Support System for Exchange Students for the Validation of
Courses using Text Mining
Solange E. Barreda Muñoz 1, Sebastian E. Quiroz Cervantes 1, Jorge L. Martínez Muñoz1 and
Jose A. Sulla-Torres 1
1
    Universidad Católica de Santa María, Urb. San José s/n Umacollo, Arequipa, 04000, Perú

                Abstract
                Universities usually have a service to carry out student exchanges through the agreements
                established between the institutions. This service follows specific steps, including reviewing
                the syllabi, which generally takes a long time due to inconvenience. That is why an alternative
                solution is proposed with the use of text mining to compare the syllabus of each course and
                thus ensure an optimal and effective validation of courses. For this, the proposal has been based
                on the Rational Unified Process following all its phases and the R language for its
                implementation with a case study of a university in the city of Arequipa-Peru. The results
                showed that it was possible to find the most frequent and related words in the similarity of the
                syllabic documents. Therefore, it is concluded that the contribution provided by Text Mining
                helped improve the process of validating courses for student exchange between institutions.
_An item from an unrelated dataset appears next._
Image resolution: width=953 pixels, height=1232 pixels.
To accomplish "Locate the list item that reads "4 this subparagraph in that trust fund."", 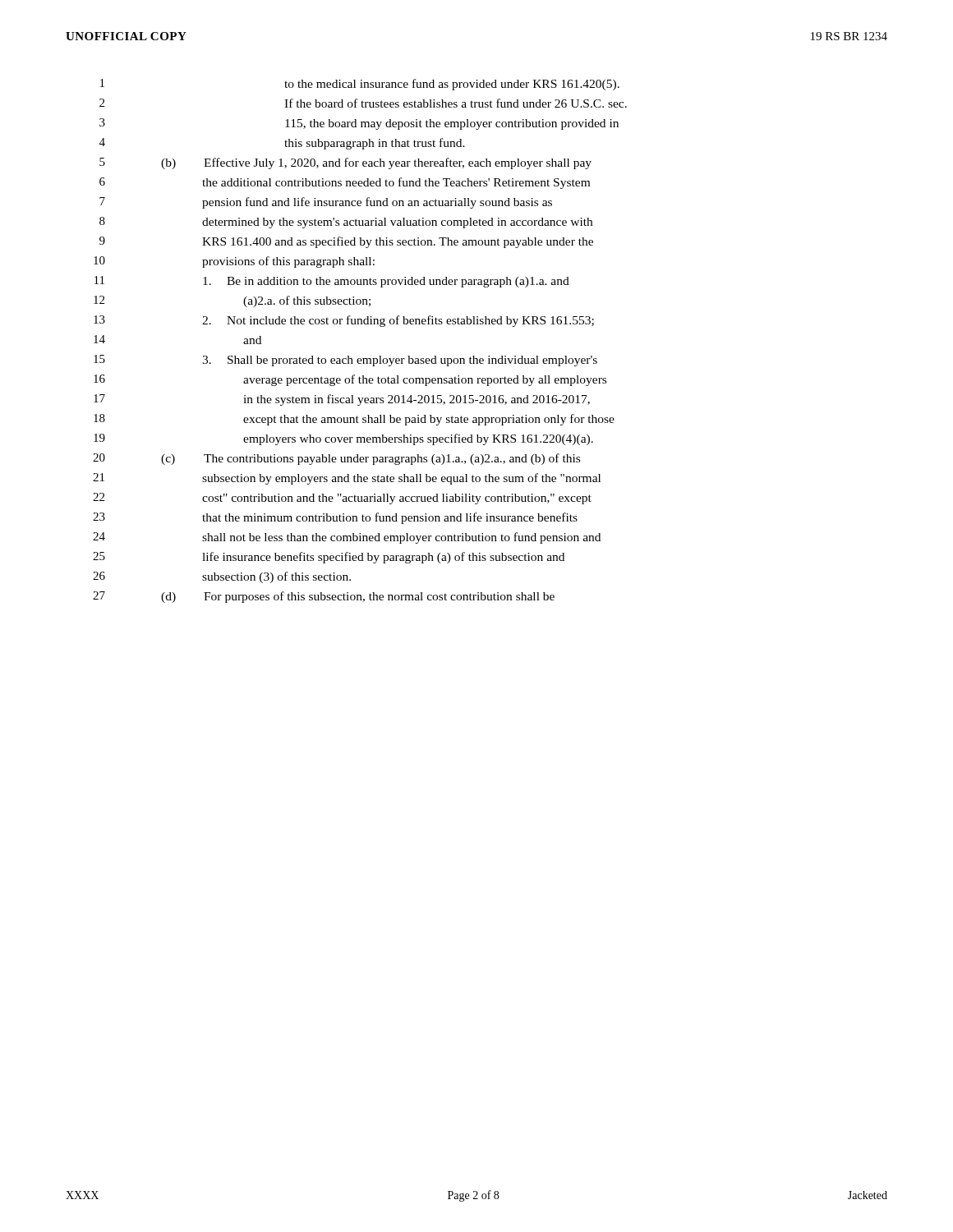I will 282,144.

                Keywords 1
                Text mining, student exchange, syllabus comparison, assessment, text analysis.

1. Introduction
     According to data from Peruvian universities, many undergraduate and postgraduate students
exchange at a foreign university through an established agreement each year. This program has more
than 30 destination countries. It has a series of requirements, among them validating the syllabus if they
are going to study in such a way that they have the opportunity of an international experience [1].
     The efficiency in the academic and administrative procedures of higher education marks the
competitive advantage in quality aspects; in that sense, the treatment of the study plans (syllabus) in
many cases is done manually, delaying many educational processes [2].
     The problem lies when in the exchange process, the student goes to the destination university and
has to choose the courses according to the name, which does not guarantee the similarity between them,
an aspect that is considered ineffective since the name does not ensure that the content of one course is
the same or very similar to another.
     This makes the experience less attractive since, among other objectives, the student gets to learn
more by living an experience abroad and not generate inconveniences with bureaucratic or cumbersome
procedures.
     The process of carrying out the exchange is often not automated; it requires certain administrative
areas such as Cooperation and International Relations Offices, the Directorate of the Professional
School, and the Parts Table, which means that the time it takes This process takes more than a week
due to other internal processes that are considered as requirements to deliver the complete documents,
for example, one of the requirements is a psychological study. On the other hand, for the universities,
it is a situation that is expected to be feasible since they are the ones that must accept the exchange and
communicate it both to the respective offices and the student. Likewise, the Cooperation and
International Relations Offices must inform the School Director about the student's exchange before
their trip.

CITIE 2022: International Congress of Trends in Educational Innovation, November 08–10, 2022, Arequipa, Peru
EMAIL: 72035128@ucsm.edu.pe (A. 1); 71569311@ucsm.edu.pe (A. 2); jmartinez@ucsm.edu.pe (A. 3); jsullato@ucsm.edu.pe (A. 4)
ORCID: 0000-0001-5353-184X (A. 1); 0000-0001-8743-4255 (A. 2); 0000-0003-0229-3508 (A. 3); 0000-0001-5129-430X (A. 4)
             ©️ 2022 Copyright for this paper by its authors.
             Use permitted under Creative Commons License Attribution 4.0 International (CC BY 4.0).
             CEUR Workshop Proceedings (CEUR-WS.org)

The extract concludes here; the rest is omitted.